Driving in downtown Nairobi is like rampaging through a war game of bumper cars with crazed maniacs.  The streets are filled with minivans-turned-buses driven with total abandon by young street hustlers fighting for the next fare.  There are no rules, and apparently no fear of consequences.  If it means driving at top speed down the wrong side of the road right into oncoming traffic or cramming 4 lanes of vehicles into a two-lane street, or jumping the curb and running straight down the sidewalk, then whatever it takes, they will do it.  This is offensive driving, not defensive, and if you want to keep from getting smashed up, you have to drive like you mean it!

That’s why we walked instead of driving.

And don’t worry about the pedestrians, because they are walking all over the streets like teeming masses of humanity poured over the traffic like syrup on pancakes.  When you are in the midst of it, you feel like you’re in a fire ant mound that has been stirred up.  It’s not just the number of people – “people, people, everywhere” to quote the Ancient Mariner – it’s the confusion of swarms of humanity running in every direction.  Just like the driving, you have to walk like you are driven with an intense mission, through the crowds, up on the sidewalk, into the street, around the automobiles, back on the sidewalk, back on the street, around this group and through the middle of the next…   It is not for the fainthearted.

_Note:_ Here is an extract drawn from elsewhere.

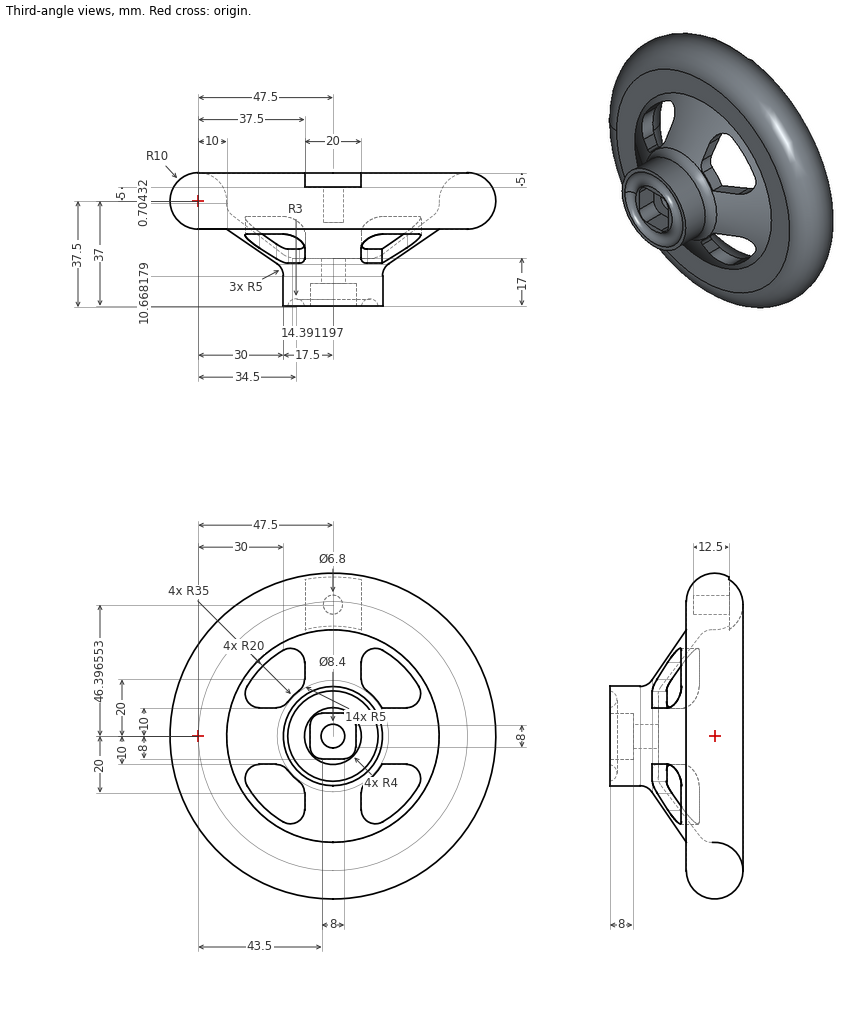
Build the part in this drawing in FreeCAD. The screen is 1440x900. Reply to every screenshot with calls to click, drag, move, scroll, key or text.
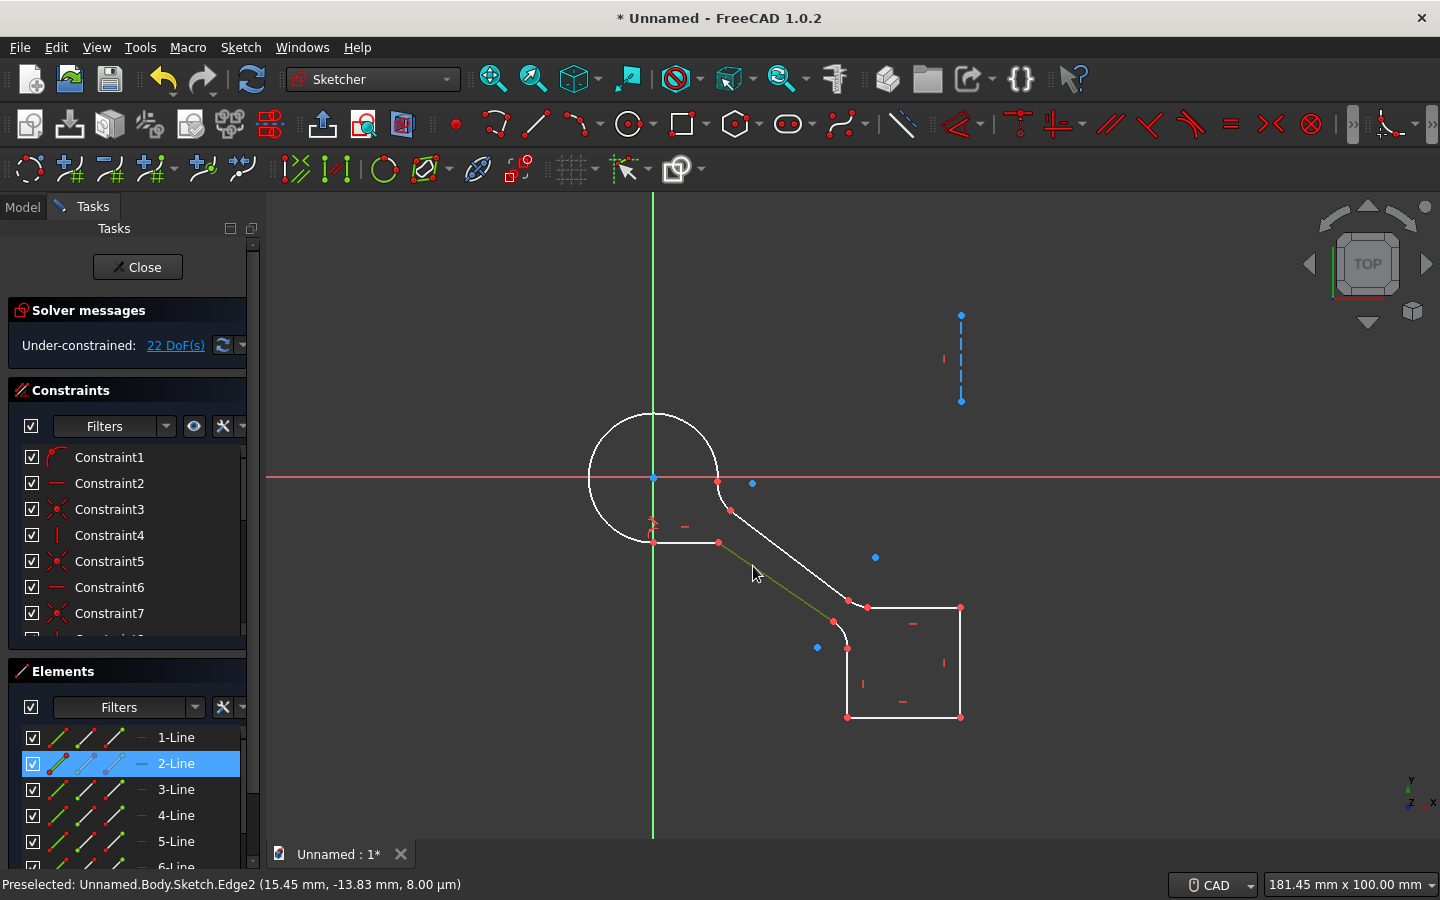
scroll(846, 639, up, 2)

Once armed with our Bibles, however, we were off to our first service.  This is a lunchtime service, and I’ve been asked to preach there for the next 3 days.  Did you ever hear of a “lunchtime” service? (Invite your neighbors over for lunch – I love it!) They are not uncommon here in Kenya, and that should give you an idea of how hungry these people are for God—services in the middle of the day with loudspeakers broadcasting the service out into the surrounding streets.  Try that in the States and see how far you get!

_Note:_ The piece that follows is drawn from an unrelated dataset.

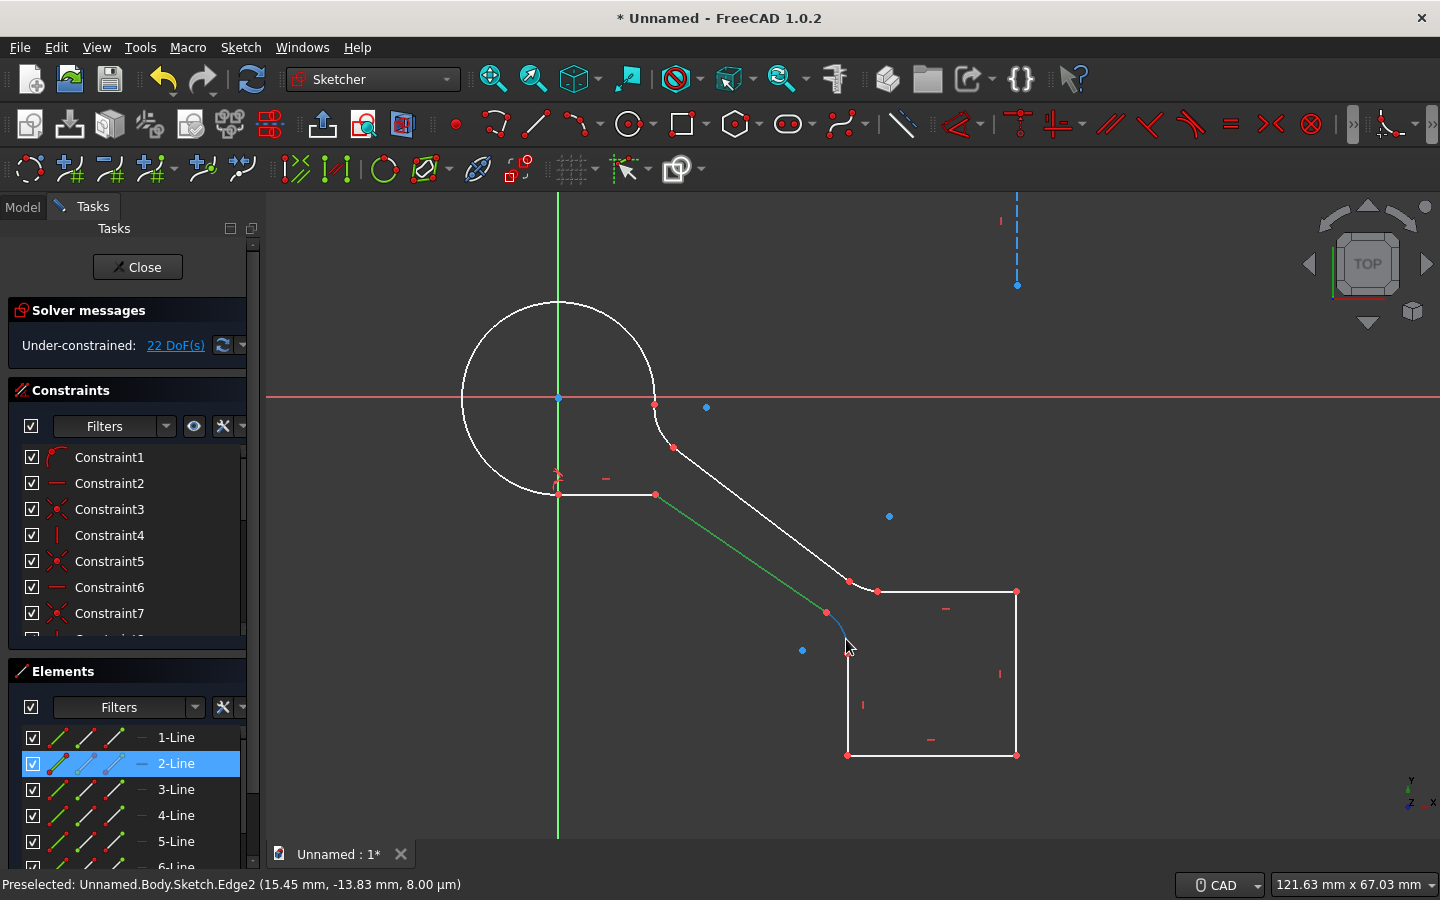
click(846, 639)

The place is packed and I’m asked to give a short 15-minute message as an introduction for the next few days.  This bishop is interested in building up to a crescendo in the next few days, even to introducing me to the newspapers, the mayor, and some sort of government agencies.  He’s talking so fast with that Kenyan accent that I have no idea where he’s going with this idea, but I warn him that I may not be the little darling that he thinks I am.  I have this uncomfortable habit of challenging the ecclesiastical “powers-that-be” and have made a strong stand against the corruption that is rife in the leadership of the Kenyan church. 

He pauses.  Then he gets up and excuses himself.  Oops.  I think I might have hit a nerve, and the deal is probably off.  Oh well, perhaps that is just as well. I’m not much for that kind of publicity and attention anyway.

But no, that’s not the case at all.  In fact, this bishop is extremely aware of the corruption in the Kenyan ecclesiastical circles (after all, he’s right in the middle of it), and he is thrilled to hear someone make the stand I have made.  He wants to promote this to the hilt and attack this problem head on.  I’m not sure what he is planning, but I will just have to leave that in his hands.  I’ve got 10 days here and very little free time to add anything new to the schedule.

As soon as the service is over, we are off to the first of several open-air services.  Have you ever been in one of these?  Very simply, you plug in some speakers and a keyboard and start singing.  In no time at all, you have a crowd dancing in the streets.  Give a message, call them to the altar for Salvation, and close with prayer for individual needs.  This is as simple a formula as you can come up with – if they won’t come to church, then take church to them.

Street preaching, as we call it back home, is not that effective or popular in America, but it works great here.  The songs turn this whole area into a block party with dancing in the streets, kids running around wild, and people all over, hanging out over their banisters and sidewalks to listen and have fun.  Hey, whatever works! 

We prayed through several people, including a whole pack of kids, handed out Bibles, and invited them back to read Bible with us tomorrow afternoon.  I’m told that as the meetings continue on, more and more people respond. 

This may turn out to be quite a week if that is so.